[Stored entries]
• • •
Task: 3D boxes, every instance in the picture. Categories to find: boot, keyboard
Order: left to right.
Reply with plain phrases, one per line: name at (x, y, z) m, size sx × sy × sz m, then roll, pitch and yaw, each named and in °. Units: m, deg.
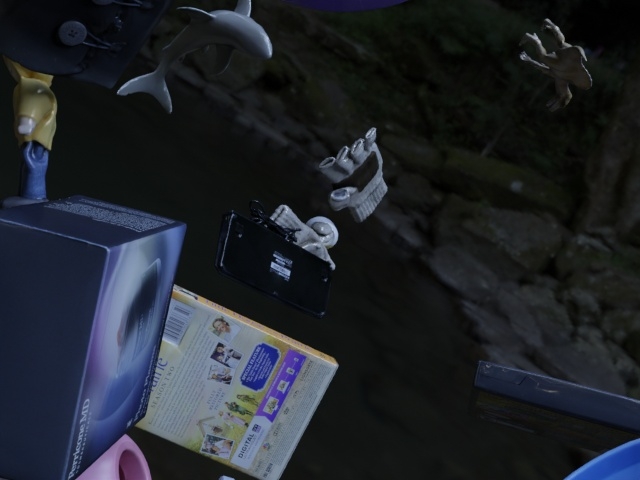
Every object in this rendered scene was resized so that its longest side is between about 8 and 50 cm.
boot at (-0.315, -0.422, 1.157) m, size 0.367 × 0.445 × 0.146 m, roll 23°, pitch 40°, yaw -39°
keyboard at (-0.057, 0.022, 1.063) m, size 0.038 × 0.100 × 0.192 m, roll -4°, pitch -24°, yaw 39°

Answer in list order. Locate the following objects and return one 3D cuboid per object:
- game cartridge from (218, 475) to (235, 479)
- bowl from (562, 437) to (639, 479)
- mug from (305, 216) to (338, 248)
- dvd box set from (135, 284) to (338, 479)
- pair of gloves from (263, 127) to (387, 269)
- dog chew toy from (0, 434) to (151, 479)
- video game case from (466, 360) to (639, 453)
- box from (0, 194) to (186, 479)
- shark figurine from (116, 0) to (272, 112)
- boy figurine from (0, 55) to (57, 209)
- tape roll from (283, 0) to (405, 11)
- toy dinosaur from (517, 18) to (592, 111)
game cartridge at (-0.170, 0.495, 1.723) m, size 0.056 × 0.017 × 0.083 m, roll 47°, pitch 18°, yaw -55°
bowl at (0.321, 0.289, 0.669) m, size 0.391 × 0.391 × 0.077 m, roll -119°, pitch -175°, yaw -68°
mug at (0.003, -0.002, 1.590) m, size 0.062 × 0.078 × 0.064 m, roll 0°, pitch 4°, yaw -10°
dvd box set at (-0.216, 0.305, 1.910) m, size 0.420 × 0.307 × 0.062 m, roll 25°, pitch 6°, yaw -11°
pair of gloves at (0.012, -0.029, 1.244) m, size 0.042 × 0.240 × 0.204 m, roll 34°, pitch -15°, yaw 25°
dog chew toy at (-0.420, 0.389, 1.315) m, size 0.206 × 0.332 × 0.206 m, roll -17°, pitch 90°, yaw -79°
video game case at (0.299, 0.198, 0.975) m, size 0.275 × 0.035 × 0.248 m, roll 14°, pitch -14°, yaw 12°
box at (-0.316, 0.113, 1.128) m, size 0.183 × 0.296 × 0.294 m, roll 14°, pitch 9°, yaw 7°
shark figurine at (-0.212, -0.333, 1.471) m, size 0.116 × 0.278 × 0.166 m, roll 24°, pitch 55°, yaw -53°
boy figurine at (-0.458, -0.186, 1.404) m, size 0.092 × 0.285 × 0.177 m, roll -2°, pitch 3°, yaw -15°
tape roll at (0.019, -0.314, 0.658) m, size 0.275 × 0.275 × 0.090 m, roll 35°, pitch 0°, yaw 12°
toy dinosaur at (0.279, -0.211, 1.036) m, size 0.092 × 0.053 × 0.183 m, roll 46°, pitch -4°, yaw 13°
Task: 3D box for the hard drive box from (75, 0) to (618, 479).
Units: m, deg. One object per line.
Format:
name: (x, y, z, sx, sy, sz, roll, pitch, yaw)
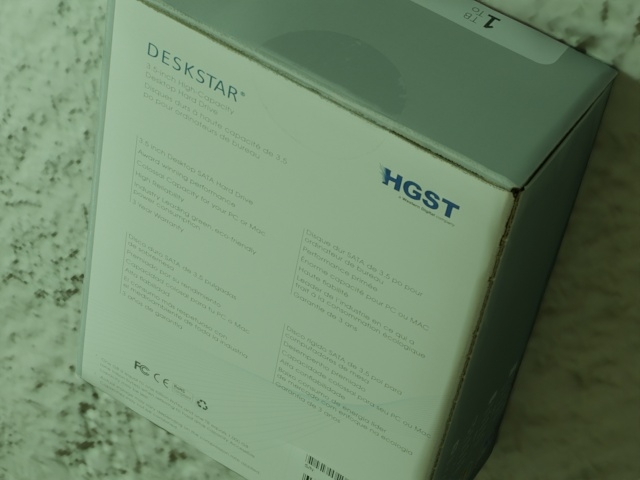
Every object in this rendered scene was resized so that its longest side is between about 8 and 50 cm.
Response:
hard drive box: (0.000, 0.000, 0.790, 0.181, 0.089, 0.232, 29, 137, 16)
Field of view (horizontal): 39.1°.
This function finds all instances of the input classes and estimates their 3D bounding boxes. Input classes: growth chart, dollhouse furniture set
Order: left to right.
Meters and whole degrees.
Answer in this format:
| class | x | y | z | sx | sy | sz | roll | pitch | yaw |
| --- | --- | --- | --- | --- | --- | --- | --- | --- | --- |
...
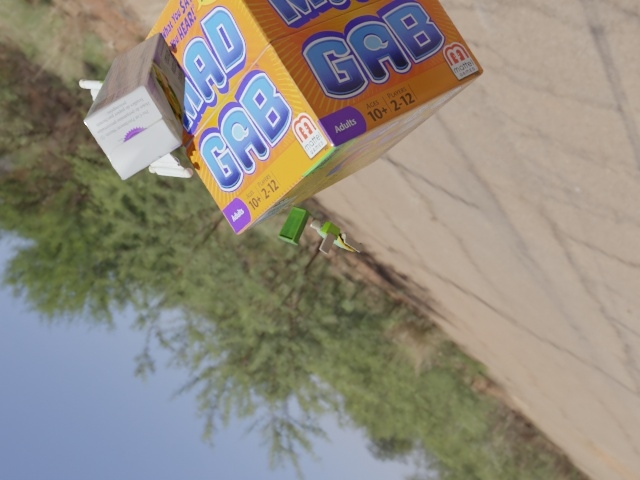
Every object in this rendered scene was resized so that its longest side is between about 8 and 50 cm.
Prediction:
| class | x | y | z | sx | sy | sz | roll | pitch | yaw |
| --- | --- | --- | --- | --- | --- | --- | --- | --- | --- |
| growth chart | -0.314 | -0.186 | 1.522 | 0.172 | 0.021 | 0.237 | 18 | 153 | 46 |
| dollhouse furniture set | 0.000 | 0.000 | 1.517 | 0.076 | 0.059 | 0.151 | 19 | 172 | 41 |

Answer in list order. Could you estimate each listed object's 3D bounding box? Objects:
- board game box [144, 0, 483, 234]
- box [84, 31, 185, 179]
| class | x | y | z | sx | sy | sz | roll | pitch | yaw |
| --- | --- | --- | --- | --- | --- | --- | --- | --- | --- |
| board game box | -0.031 | -0.288 | 1.509 | 0.356 | 0.356 | 0.356 | 58 | 144 | 3 |
| box | -0.178 | -0.146 | 0.905 | 0.063 | 0.067 | 0.324 | 60 | -177 | -22 |
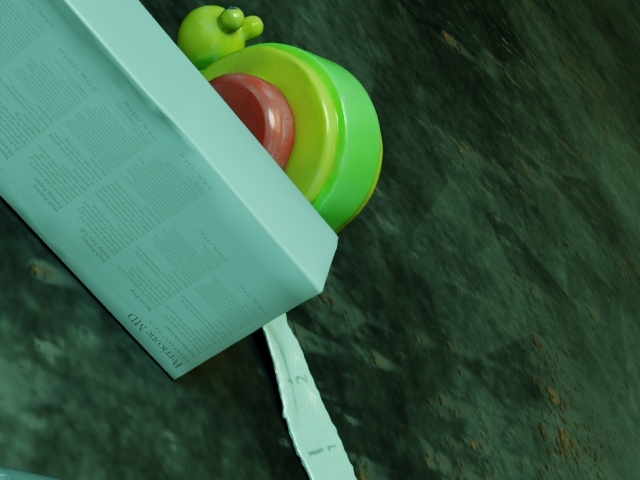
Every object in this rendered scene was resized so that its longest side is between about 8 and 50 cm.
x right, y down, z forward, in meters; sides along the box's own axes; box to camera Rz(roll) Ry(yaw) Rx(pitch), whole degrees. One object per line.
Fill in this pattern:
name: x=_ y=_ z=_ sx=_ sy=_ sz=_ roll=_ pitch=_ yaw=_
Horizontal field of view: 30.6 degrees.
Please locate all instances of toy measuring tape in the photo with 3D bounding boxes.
toy measuring tape: x=0.000 y=0.000 z=0.656 sx=0.121 sy=0.121 sz=0.330 roll=6 pitch=56 yaw=-59

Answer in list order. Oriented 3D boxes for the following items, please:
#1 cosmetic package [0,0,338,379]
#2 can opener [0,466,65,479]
cosmetic package: x=-0.105 y=-0.053 z=0.548 sx=0.239 sy=0.099 sz=0.060 roll=50 pitch=24 yaw=-17
can opener: x=-0.105 y=0.121 z=0.409 sx=0.280 sy=0.074 sz=0.093 roll=22 pitch=78 yaw=-49
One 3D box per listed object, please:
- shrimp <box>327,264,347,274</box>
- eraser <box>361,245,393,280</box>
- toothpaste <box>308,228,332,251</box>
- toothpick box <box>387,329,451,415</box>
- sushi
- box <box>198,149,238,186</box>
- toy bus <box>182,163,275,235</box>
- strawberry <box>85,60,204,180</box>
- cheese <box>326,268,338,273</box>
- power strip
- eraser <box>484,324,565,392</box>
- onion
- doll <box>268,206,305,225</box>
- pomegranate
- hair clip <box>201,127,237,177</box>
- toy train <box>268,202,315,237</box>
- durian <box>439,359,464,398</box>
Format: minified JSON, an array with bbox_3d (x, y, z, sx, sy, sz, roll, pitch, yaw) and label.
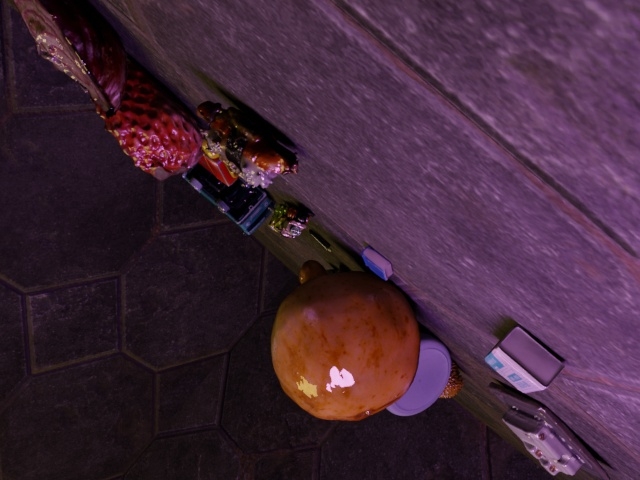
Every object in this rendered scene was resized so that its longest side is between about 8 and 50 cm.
[{"bbox_3d":[0.123,0.219,2.201,0.221,0.110,0.446,3,151,31],"label":"shrimp"},{"bbox_3d":[0.119,0.048,1.461,0.063,0.027,0.085,38,173,17],"label":"eraser"},{"bbox_3d":[0.000,0.000,1.887,0.083,0.019,0.027,43,-162,-8],"label":"toothpaste"},{"bbox_3d":[0.172,0.325,2.011,0.263,0.263,0.354,45,174,-36],"label":"toothpick box"},{"bbox_3d":[-0.127,-0.160,1.185,0.226,0.103,0.097,41,-169,21],"label":"sushi"},{"bbox_3d":[-0.307,-0.233,1.900,0.175,0.048,0.112,37,164,28],"label":"box"},{"bbox_3d":[-0.255,-0.135,1.987,0.256,0.128,0.147,39,173,26],"label":"toy bus"},{"bbox_3d":[-0.410,-0.311,1.661,0.336,0.149,0.265,53,-164,-10],"label":"strawberry"},{"bbox_3d":[0.062,0.148,2.349,0.155,0.062,0.244,41,175,3],"label":"cheese"},{"bbox_3d":[0.521,0.465,1.652,0.257,0.092,0.251,46,177,-9],"label":"power strip"},{"bbox_3d":[0.328,0.199,1.139,0.095,0.052,0.225,42,175,15],"label":"eraser"},{"bbox_3d":[-0.504,-0.428,1.461,0.314,0.146,0.280,47,161,11],"label":"onion"},{"bbox_3d":[-0.093,-0.065,1.908,0.114,0.039,0.057,33,-154,-22],"label":"doll"},{"bbox_3d":[0.050,0.227,1.699,0.410,0.410,0.410,40,174,5],"label":"pomegranate"},{"bbox_3d":[-0.268,-0.229,1.784,0.173,0.046,0.072,41,170,12],"label":"hair clip"},{"bbox_3d":[-0.076,-0.048,1.723,0.053,0.085,0.249,25,178,-16],"label":"toy train"},{"bbox_3d":[0.348,0.402,2.095,0.158,0.137,0.168,13,169,30],"label":"durian"}]
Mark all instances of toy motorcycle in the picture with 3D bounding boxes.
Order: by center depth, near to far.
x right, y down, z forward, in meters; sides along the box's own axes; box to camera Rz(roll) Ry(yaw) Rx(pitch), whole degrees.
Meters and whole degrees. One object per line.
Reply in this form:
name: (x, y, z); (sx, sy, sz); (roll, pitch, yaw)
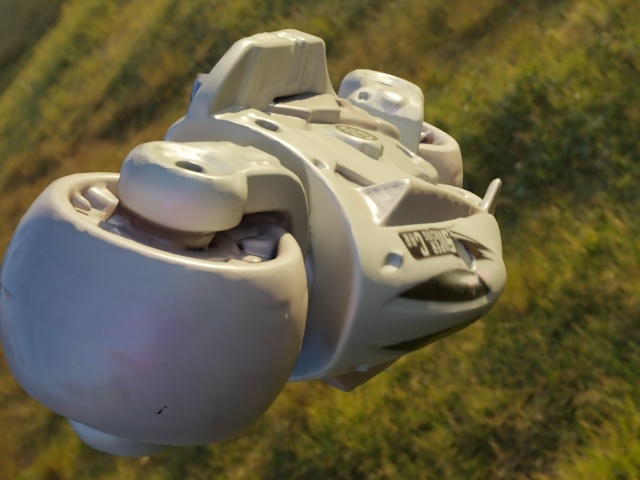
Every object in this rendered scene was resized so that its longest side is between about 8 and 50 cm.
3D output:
toy motorcycle: (0.000, 0.000, 0.427); (0.112, 0.112, 0.254); (-43, -2, 20)
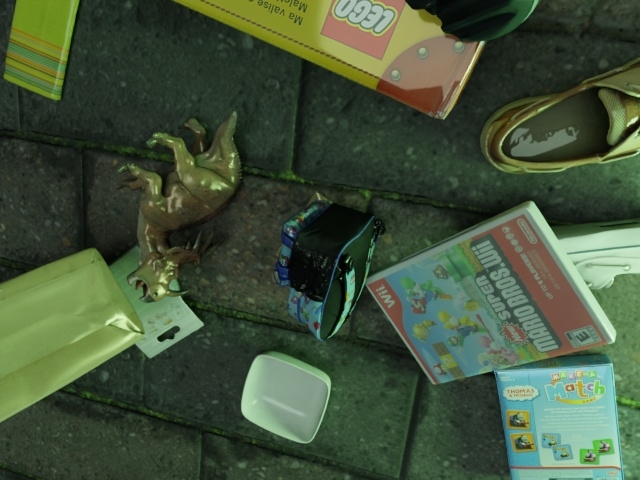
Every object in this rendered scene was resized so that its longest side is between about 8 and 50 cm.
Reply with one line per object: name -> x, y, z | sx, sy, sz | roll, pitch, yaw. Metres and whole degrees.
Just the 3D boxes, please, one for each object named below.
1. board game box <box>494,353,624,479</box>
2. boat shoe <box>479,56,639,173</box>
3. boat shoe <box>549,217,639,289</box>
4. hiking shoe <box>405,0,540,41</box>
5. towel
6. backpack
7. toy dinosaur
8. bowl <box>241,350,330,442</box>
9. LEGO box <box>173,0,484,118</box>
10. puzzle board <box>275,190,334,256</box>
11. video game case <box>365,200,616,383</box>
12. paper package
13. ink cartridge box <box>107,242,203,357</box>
board game box -> 0.358, 0.279, 0.811 | 0.160, 0.039, 0.211 | -8, 104, 18
boat shoe -> 0.359, -0.148, 0.645 | 0.325, 0.116, 0.123 | -19, 100, 20
boat shoe -> 0.362, 0.023, 0.706 | 0.258, 0.095, 0.084 | -5, 100, 18
hiking shoe -> 0.050, -0.262, 0.325 | 0.132, 0.113, 0.304 | -38, 86, -8
towel -> -0.441, -0.354, 0.866 | 0.102, 0.021, 0.237 | 24, 110, 2
backpack -> 0.005, 0.047, 0.777 | 0.117, 0.158, 0.173 | 21, 122, 17
toy dinosaur -> -0.198, -0.062, 0.832 | 0.296, 0.127, 0.200 | -41, 99, 10
bowl -> -0.056, 0.258, 0.914 | 0.142, 0.053, 0.141 | 20, 110, 9
LEGO box -> -0.045, -0.326, 0.572 | 0.501, 0.372, 0.193 | 26, 111, 8
puzzle board -> 0.000, 0.000, 0.847 | 0.096, 0.011, 0.128 | 35, 112, 3
video game case -> 0.217, 0.089, 0.750 | 0.285, 0.025, 0.204 | -30, 96, 43
paper package -> -0.483, 0.153, 0.817 | 0.325, 0.310, 0.168 | -14, 102, 49
ink cartridge box -> -0.305, 0.104, 0.954 | 0.146, 0.045, 0.179 | -33, 104, 21
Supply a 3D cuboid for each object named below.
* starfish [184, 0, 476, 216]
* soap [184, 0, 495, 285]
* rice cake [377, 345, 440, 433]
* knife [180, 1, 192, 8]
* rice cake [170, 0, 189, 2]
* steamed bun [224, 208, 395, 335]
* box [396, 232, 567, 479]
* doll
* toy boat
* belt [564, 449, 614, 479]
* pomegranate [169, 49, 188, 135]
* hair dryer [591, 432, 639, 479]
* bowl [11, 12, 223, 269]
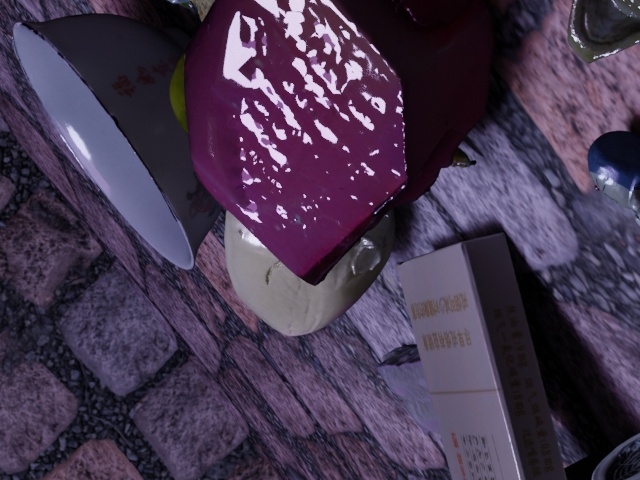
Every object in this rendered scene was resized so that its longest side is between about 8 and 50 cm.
[{"bbox_3d":[-0.035,-0.148,1.502,0.347,0.078,0.358,53,152,-15],"label":"starfish"},{"bbox_3d":[0.011,-0.118,1.295,0.220,0.127,0.325,44,145,1],"label":"soap"},{"bbox_3d":[0.139,0.161,1.836,0.106,0.050,0.298,54,165,-3],"label":"rice cake"},{"bbox_3d":[-0.199,-0.324,1.818,0.184,0.022,0.026,52,-169,0],"label":"knife"},{"bbox_3d":[-0.189,-0.359,1.624,0.066,0.063,0.336,46,164,36],"label":"rice cake"},{"bbox_3d":[0.000,0.000,1.694,0.152,0.170,0.239,26,155,21],"label":"steamed bun"},{"bbox_3d":[0.163,0.183,1.559,0.204,0.051,0.365,157,99,-74],"label":"box"},{"bbox_3d":[0.217,-0.037,1.142,0.083,0.050,0.076,44,-179,28],"label":"doll"},{"bbox_3d":[0.181,-0.158,0.928,0.089,0.071,0.185,49,166,14],"label":"toy boat"},{"bbox_3d":[0.285,0.312,1.606,0.206,0.116,0.267,60,168,22],"label":"belt"},{"bbox_3d":[-0.090,-0.153,1.711,0.130,0.130,0.130,48,165,18],"label":"pomegranate"},{"bbox_3d":[0.255,0.302,1.295,0.107,0.357,0.173,-30,100,37],"label":"hair dryer"},{"bbox_3d":[-0.194,-0.146,1.944,0.345,0.157,0.345,49,165,18],"label":"bowl"}]
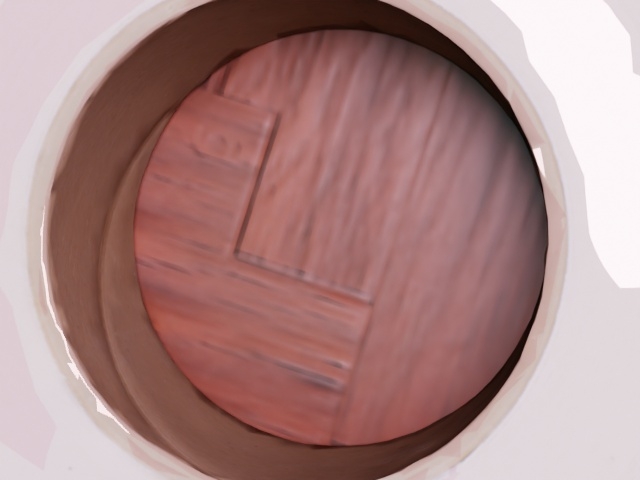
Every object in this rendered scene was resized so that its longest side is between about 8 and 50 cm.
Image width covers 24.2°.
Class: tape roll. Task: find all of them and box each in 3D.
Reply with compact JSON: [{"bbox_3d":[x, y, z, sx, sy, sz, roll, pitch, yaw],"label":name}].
[{"bbox_3d":[0.000,0.000,0.449,0.286,0.100,0.286,0,90,8],"label":"tape roll"}]
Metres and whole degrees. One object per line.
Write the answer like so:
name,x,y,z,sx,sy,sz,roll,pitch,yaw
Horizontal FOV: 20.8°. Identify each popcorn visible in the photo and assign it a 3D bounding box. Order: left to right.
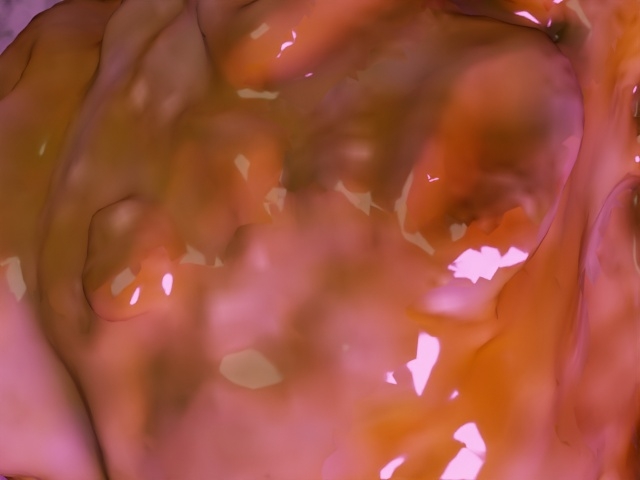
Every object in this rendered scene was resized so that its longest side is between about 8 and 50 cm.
popcorn,0.018,-0.004,0.611,0.312,0.312,0.312,-2,85,26

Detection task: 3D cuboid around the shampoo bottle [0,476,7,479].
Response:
shampoo bottle,-0.274,0.065,0.697,0.322,0.317,0.322,-17,52,24
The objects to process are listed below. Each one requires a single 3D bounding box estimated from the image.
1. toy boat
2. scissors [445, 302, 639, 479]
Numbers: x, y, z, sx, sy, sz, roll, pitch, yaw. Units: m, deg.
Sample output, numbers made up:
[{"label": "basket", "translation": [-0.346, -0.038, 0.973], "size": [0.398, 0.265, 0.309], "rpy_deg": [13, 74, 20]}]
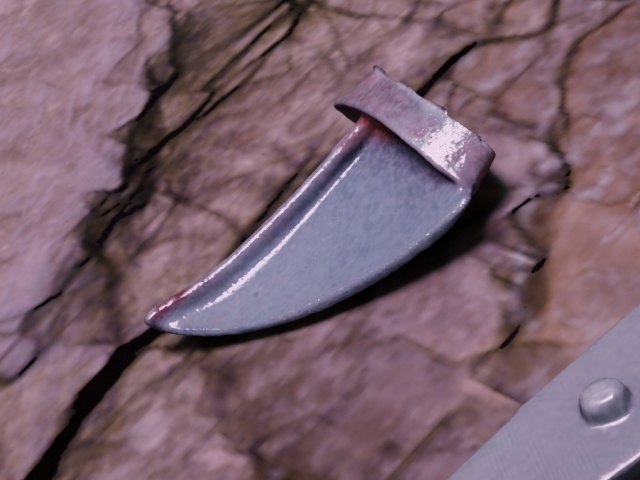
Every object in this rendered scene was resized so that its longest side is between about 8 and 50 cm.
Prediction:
[{"label": "toy boat", "translation": [0.000, 0.001, 0.631], "size": [0.122, 0.034, 0.096], "rpy_deg": [-47, 36, -3]}, {"label": "scissors", "translation": [0.112, 0.023, 0.503], "size": [0.447, 0.029, 0.192], "rpy_deg": [-38, 34, -5]}]
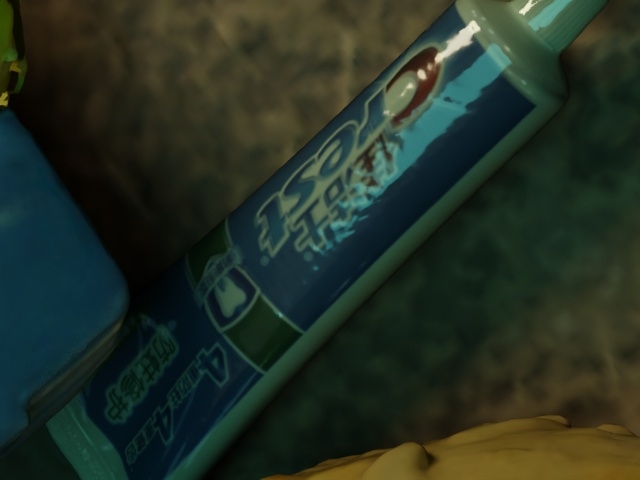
• • •
What to produce: From the entries above, copy out every line where the string "listed" appears.

Solution for this exercise:
Answer in list order. Could you estimate each listed object's 3D bounding box? Objects:
One 3D box per listed object, please:
The objects to process are listed below. Each one requires a single 3D bounding box estimated from the image.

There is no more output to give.